# Weber Jumbo Joe



## Johnny Ray (Feb 27, 2021)

Hello All,
I use to have a PK Grill that I really liked for reverse searing steaks, burgers, dogs and such. For some unknown reason I decided to sell it (not too smart at times).
I have really missed been able to “easily” reserve sear a good steak.
After seeing all of the great post here about Weber Kettles I decided this was the direction to go.  With limited space and many other cookers already in my possession I decided to go with the Jumbo Joe verses the original Weber Kettle. I only cook for my wife and myself now so it is plenty big and perfect for taking with me when camping.
Tomorrow two nice thick reversed seared filets are on the menu.

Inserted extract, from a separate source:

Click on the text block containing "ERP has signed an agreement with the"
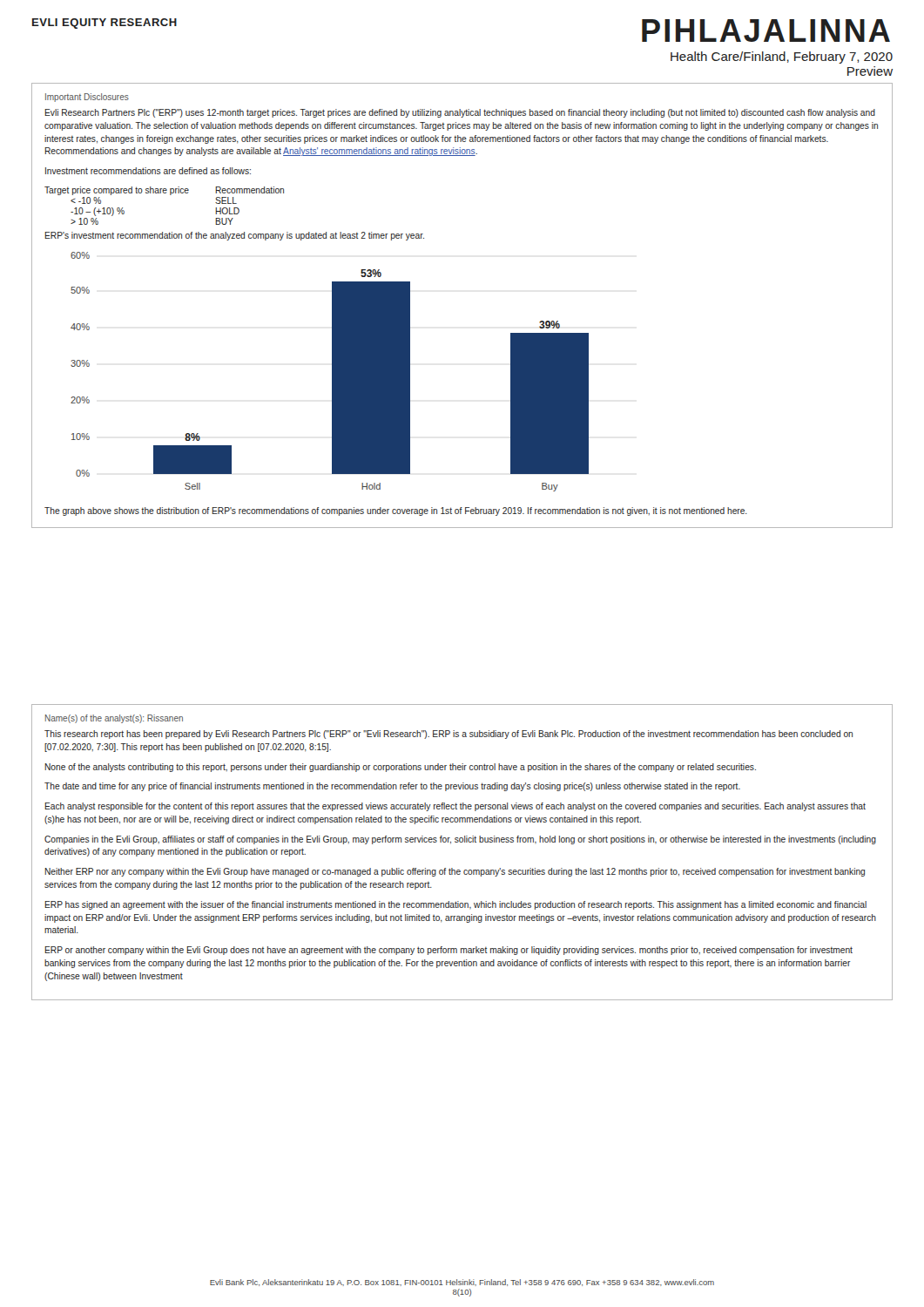The image size is (924, 1307). [460, 918]
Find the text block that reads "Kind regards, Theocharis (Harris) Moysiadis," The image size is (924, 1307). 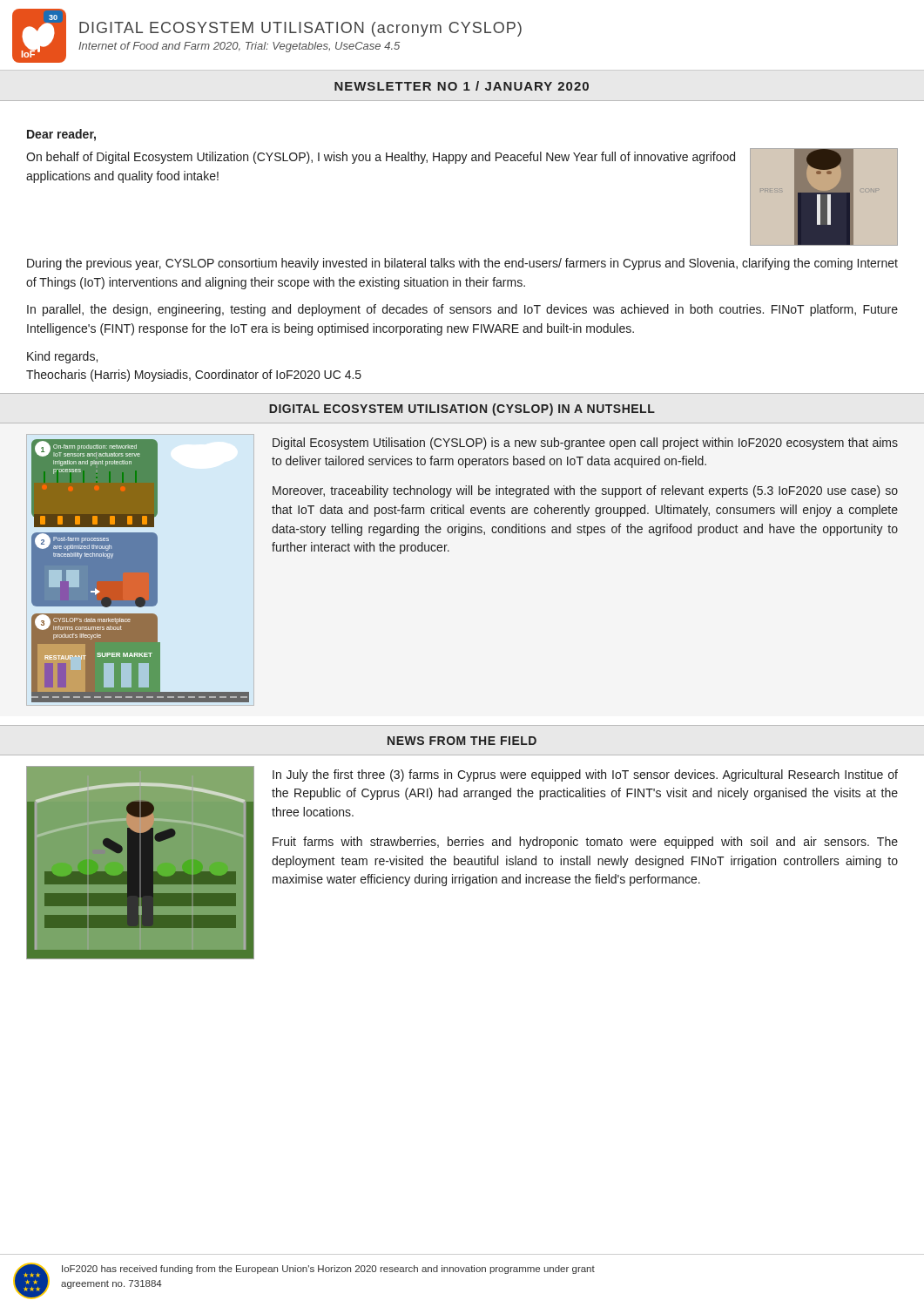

I’ll update tomorrow (if my steaks turn out ok).  
Take care,
Johnny Ray


----------



## Winterrider (Feb 27, 2021)

Should work like a champ !


----------



## yankee2bbq (Feb 27, 2021)

Nice little unit.


----------



## JLeonard (Feb 27, 2021)

Nice. Love my kettle.
Jim


----------



## thirdeye (Feb 27, 2021)

I 've been watching the Weber JJ .  Let us know how it cooks.  I have two of the little S. Joe and one has the tamale pot mod.


----------



## Johnny Ray (Feb 27, 2021)

thirdeye said:


> I 've been watching the Weber JJ .  Let us know how it cooks.  I have two of the little S. Joe and one has the tamale pot mod.
> 
> View attachment 487078


I really like the design. Bracket to lock the lid on for travel and a lid holder when checking on your cook. Nice little kettle for the money. 
I’ll keep you update as to how it’s cooks.
JR


----------



## Fueling Around (Feb 27, 2021)

Awaiting your comments.  I've been looking at the 18" for some time.
I don't know if it would work for me. Wife and I frequently have mixed grill  meals that require most of the 22" kettle grate.
 Walmart has a 22" Jumbo Joe.


----------



## tropics (Feb 28, 2021)

They are awesome little cookers. 
Richie


----------



## Johnny Ray (Feb 28, 2021)

Fueling Around said:


> Awaiting your comments.  I've been looking at the 18" for some time.
> I don't know if it would work for me. Wife and I frequently have mixed grill  meals that require most of the 22" kettle grate.
> Walmart has a 22" Jumbo Joe.


I to looked at and researched Weber kettles for a while before deciding on this one. I really like the compact size to grilling surface ratio. Those were the deciding factors for me.
I have a Rec Teq Bullseye pellet grill and gets used a lot. But nothing beats a reversed seared steak over charcoal in my opinion.
JR


----------



## Steve H (Feb 28, 2021)

I've had the smokey Joe for years. I'm interested in hearing your thoughts on this one.


----------